Thursday, October 28, 2010

Pour Some Sugar On Me

(Gotta love Def Leppard. Other contenders were "Sugar Sugar" by The Archies, "Lollipop" by The Chordettes, and "I Want Candy" by Bow Wow Wow)

I had a dream last night that I went to Maverik in the morning before work and was choosing something to grab for breakfast. I swear the dream was like an hour long, and the entire time I was walking around the store, picking up something, then changing my mind and putting it back, choosing something else, etc. I ended up with a huge soda (not diet) and a ton of candy and donuts, and when I got to the cash register I looked at it all and said, "Scott would be ashamed of me!" and I put it all back. Then I woke up.

It was awesome.

I've been having an awful time with cravings lately. I think my body is like, "It's cold, therefore I need more fat to keep warm, therefore I must eat CANDY."

I've been a lot better about eating Halloween candy before Halloween this year than last year. A LOT. Still, I've had a bit here and there.
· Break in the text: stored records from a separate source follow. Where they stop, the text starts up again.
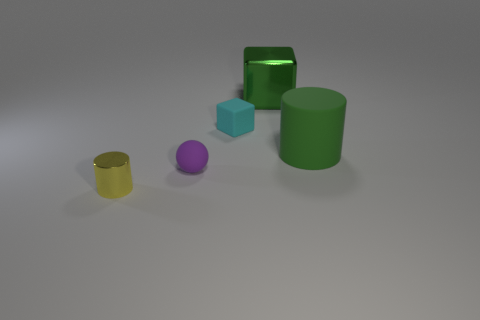Subtract all red cubes. Subtract all cyan balls. How many cubes are left? 2 Add 2 tiny gray rubber cubes. How many objects exist? 7 Subtract all spheres. How many objects are left? 4 Add 4 large gray rubber cylinders. How many large gray rubber cylinders exist? 4 Subtract 0 blue blocks. How many objects are left? 5 Subtract all tiny yellow things. Subtract all purple shiny cylinders. How many objects are left? 4 Add 4 small rubber things. How many small rubber things are left? 6 
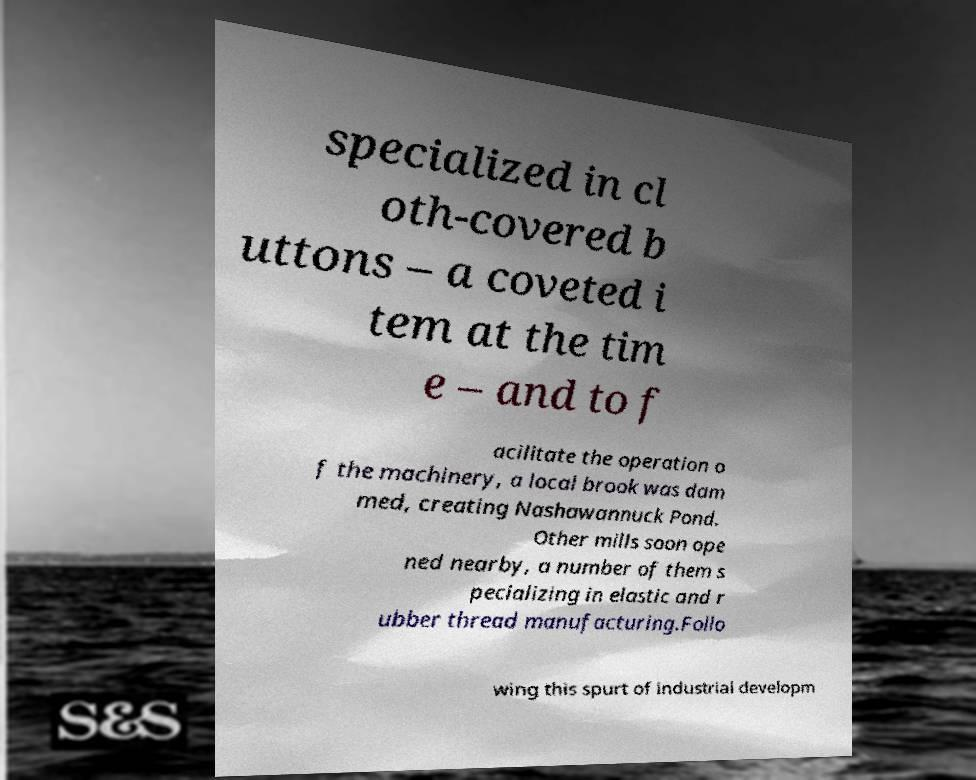For documentation purposes, I need the text within this image transcribed. Could you provide that? specialized in cl oth-covered b uttons – a coveted i tem at the tim e – and to f acilitate the operation o f the machinery, a local brook was dam med, creating Nashawannuck Pond. Other mills soon ope ned nearby, a number of them s pecializing in elastic and r ubber thread manufacturing.Follo wing this spurt of industrial developm 
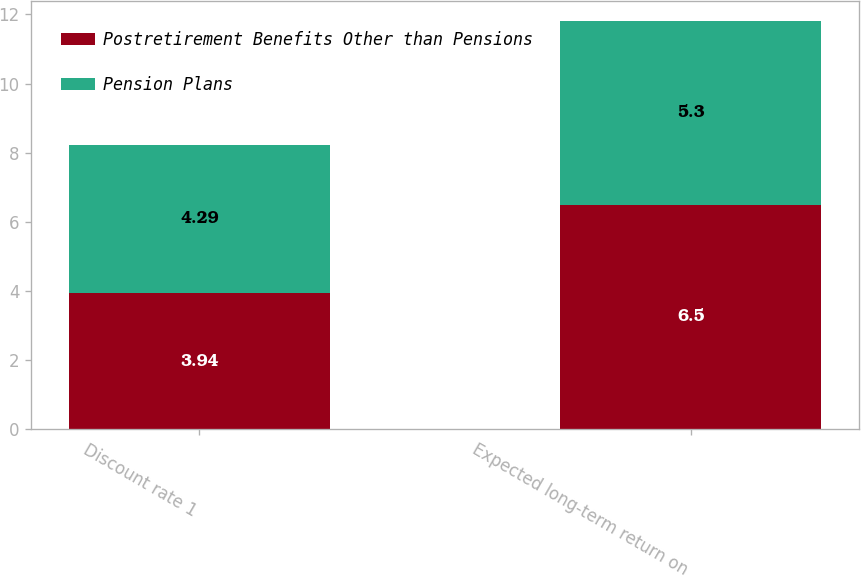<chart> <loc_0><loc_0><loc_500><loc_500><stacked_bar_chart><ecel><fcel>Discount rate 1<fcel>Expected long-term return on<nl><fcel>Postretirement Benefits Other than Pensions<fcel>3.94<fcel>6.5<nl><fcel>Pension Plans<fcel>4.29<fcel>5.3<nl></chart> 
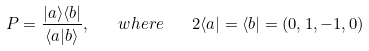<formula> <loc_0><loc_0><loc_500><loc_500>P = \frac { | a \rangle \langle b | } { \langle a | b \rangle } , \quad w h e r e \quad 2 \langle a | = \langle b | = ( 0 , 1 , - 1 , 0 )</formula> 
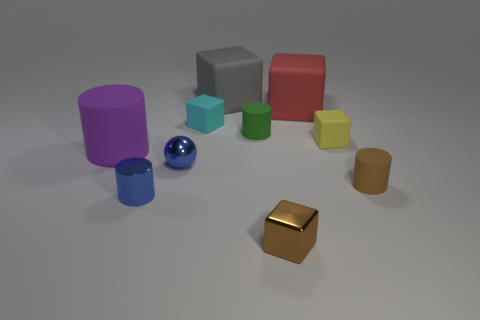Does the metal cylinder have the same color as the metal sphere?
Offer a terse response. Yes. What number of large red rubber blocks are there?
Offer a terse response. 1. There is a rubber cylinder to the right of the brown cube; does it have the same color as the cube that is in front of the blue ball?
Your response must be concise. Yes. There is a small blue cylinder; how many tiny yellow matte blocks are right of it?
Your response must be concise. 1. There is a thing that is the same color as the tiny metal block; what material is it?
Give a very brief answer. Rubber. Are there any small brown objects that have the same shape as the yellow object?
Your answer should be very brief. Yes. Do the big thing left of the gray rubber block and the tiny cylinder that is on the right side of the small yellow object have the same material?
Keep it short and to the point. Yes. What is the size of the gray matte block that is right of the tiny matte block that is left of the shiny object that is on the right side of the small cyan rubber thing?
Provide a succinct answer. Large. There is a blue cylinder that is the same size as the cyan thing; what is it made of?
Ensure brevity in your answer.  Metal. Is there a blue metal ball of the same size as the blue metallic cylinder?
Offer a very short reply. Yes. 
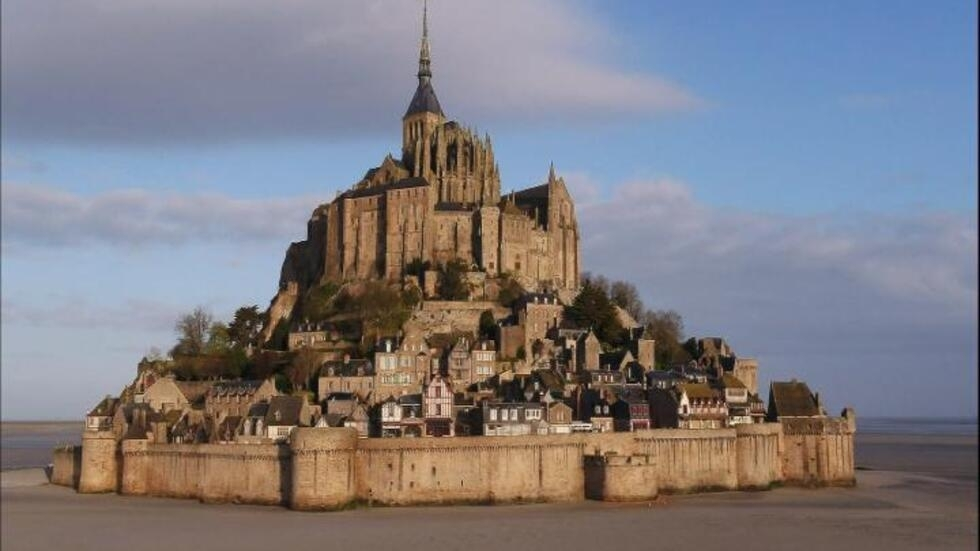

I feel a little bit bad, since I've not been able to get to the gym much lately (but I went yesterday and my ankle didn't hurt much at all!), but I think I'll just have a few pieces over the next few days and then on Halloween I'll go ahead and indulge, and then Monday I'll bring in any leftover candy to work and make my coworkers eat it.

I was thinking about why I'm craving bad foods so much, since it's usually connected to how I'm feeling emotionally, and I find that figuring out what's making me sad/mad/whatever helps me not eat crap, even if it doesn't make the cravings go away. I'm 99% positive it has everything to do with not getting enough exercise over the last month and not having happy endorphins all over the place. I'm constantly amazed at the HUGE impact exercise has on my depression. I mean, the meds keep me at a pretty good baseline, but getting a good workout in at least three or four times a week really pushes my moods up into HAPPY HAPPY LAND (it's a really nice place, in case you were wondering).

Halloween is where it all starts. From there it just goes downhill. Halloween (candy), then Thanksgiving (pie), then Christmas (traditional Christmas Eve cheeseburgers, then traditional sugary cereal on Christmas, and all the candy), then New Year's (just another excuse to have yummies), and by the time it's January I'm usually heavier. BUT NOT THIS YEAR. I'm going to be reasonable. Treats, yes, but smaller portions, less often, and, above all, I'm going to keep exercising!

Now excuse me while I go eat one of the Halloween cookies my boss brought in today.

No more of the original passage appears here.